Publié le par Gwladys Jativa

Blacklist Redeption. série Américaine. Série TV

Résumé.

Spin off (= série dérivée) de la série Blacklist, centrée sur le personnage de Tom Keen.

Quand il découvre dans la série mère, qu’il est le fils de Susan Hargrave, Tom Keen envisage d’accepter l’offre d’emploi que lui a fait cette dernière. Mais sur les conseils de Raymond Reddington, il la décline.

Susan Hargrave et son mari Howard, ont créé et dirigent une agence privée de renseignements. Grâce à cette agence, ils interviennent là où le gouvernement Américain ne peut pas, ou ne veut pas, se mouiller.

A la demande de Howard qui se fait passer pour mort, Tom va infiltrer l’agence et espionner sa mère qui ignore qui il est véritablement.

Cette série est plus orientée infiltration/espionnage que la série mère qui elle, tourne autour des enquêtes policières menées par l’unité spéciale du FBI.

 

Les personnages principaux.

Tom Keen

 (Ryan Eggold)

Qui est Tom Keen ? On se pose déjà la question dans Blacklist et on continue à se la poser ici.

Dans la série mère on le voit incarner différents personnages : de l’instituteur gentil et naïf, au néo-nazi, en passant par le mari aimant.

Ici, il reste encore ambigüe : il cache la vérité sur son identité à sa mère, et semble en même temps éprouver de l’empathie pour elle, tout en s’en méfiant.

Difficile donc de définir la personnalité de Tom Keen, puisqu’il passe plus de temps « sous couverture » qu’à être vraiment lui-même : un véritable caméléon…

Il va devoir faire équipe avec Mathias Salomon qui a tenté de le tuer dans Blacklist : un binôme intéressant.

Susan Scott « Scottie » Hargrave

(Framke Janssen)

Femme d’affaire ambitieuse et sans pitié, elle semble pleurer sincèrement la perte de son enfant, Christopher, disparu et présumé mort près de 30 ans plus tôt.

Par contre, elle semble assez peu affectée par la perte de son mari…

Elle a un petit côté paradoxal : à la fois sans pitié et sans aucun état d’âme, tout en étant à certains moments très humaine. Elle s’oppose, par exemple, au gouvernement américain et ce pour venir en aide à l’une de ses amies. Et dans le même temps, elle est capable de menacer de mort une autre personne, ou de faire du chantage, de l’extorsion, etc.

Elle dirige Halcyon, une agence de renseignement qu’elle a créé avec son mari. Mais avec la mort de ce dernier elle en devient la seule dirigeante et la seule décisionnaire.

Mathias Salomon

 (Edi Gathegi)

Quand il apparait dans la série mère (saison 3), c’est un criminel psychopathe. Il est arrêté par Donald Ressler, mais parvient à s’échapper et il poursuit Elisabeth et Tom Keen.

Il est froid, cynique et calculateur.

Dans le spin off, il conserve ces caractéristiques… en les mettant toutefois au service de causes un peu plus nobles que les missions criminelles qu’il a rempli auparavant.
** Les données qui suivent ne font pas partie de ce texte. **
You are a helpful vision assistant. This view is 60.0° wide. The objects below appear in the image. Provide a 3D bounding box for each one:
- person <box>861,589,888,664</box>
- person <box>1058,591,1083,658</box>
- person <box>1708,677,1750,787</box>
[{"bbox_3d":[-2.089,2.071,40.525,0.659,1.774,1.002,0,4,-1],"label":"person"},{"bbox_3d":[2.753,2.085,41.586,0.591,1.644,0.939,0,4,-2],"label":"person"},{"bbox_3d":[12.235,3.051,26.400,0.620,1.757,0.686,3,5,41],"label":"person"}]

Il est d’une fidélité à toute épreuve envers Scottie Hargrave, et son côté psychopathe fait de lui un très bon exécutant : peu importe ce qu’elle lui demande, il le fait.

Dumont

(Adrian Martinez)

Le geek de la bande.

Un geek de génie, cela dit…

Un personnage qui, bien qu’étant moins que les autres à l’écran, est très présent puisque dans toutes les missions de l’équipe, c’est lui qui assure toutes les liaisons informatiques, les piratages, etc. Bref, tout ce qui relève de compétences en informatique.

Autant dire que sans lui, beaucoup de missions ne pourraient pas avoir lieu…
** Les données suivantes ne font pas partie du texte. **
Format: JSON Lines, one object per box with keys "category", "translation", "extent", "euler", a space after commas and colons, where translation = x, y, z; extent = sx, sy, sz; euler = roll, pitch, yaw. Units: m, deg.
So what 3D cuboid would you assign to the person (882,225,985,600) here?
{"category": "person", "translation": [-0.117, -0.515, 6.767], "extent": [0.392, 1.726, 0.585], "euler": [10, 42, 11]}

Howard Hargrave (Terry O’Quinn)

Dès le début il semble totalement paranoïaque. Et peut-être pas sans raison.

Mais il n’est pas seulement paranoïaque. Il est secret aussi : il ne dévoile pas tout. Ses intentions en premier lieu ne sont pas claires. Certes il se méfie de sa femme, mais on sent qu’il n’y a pas que cela.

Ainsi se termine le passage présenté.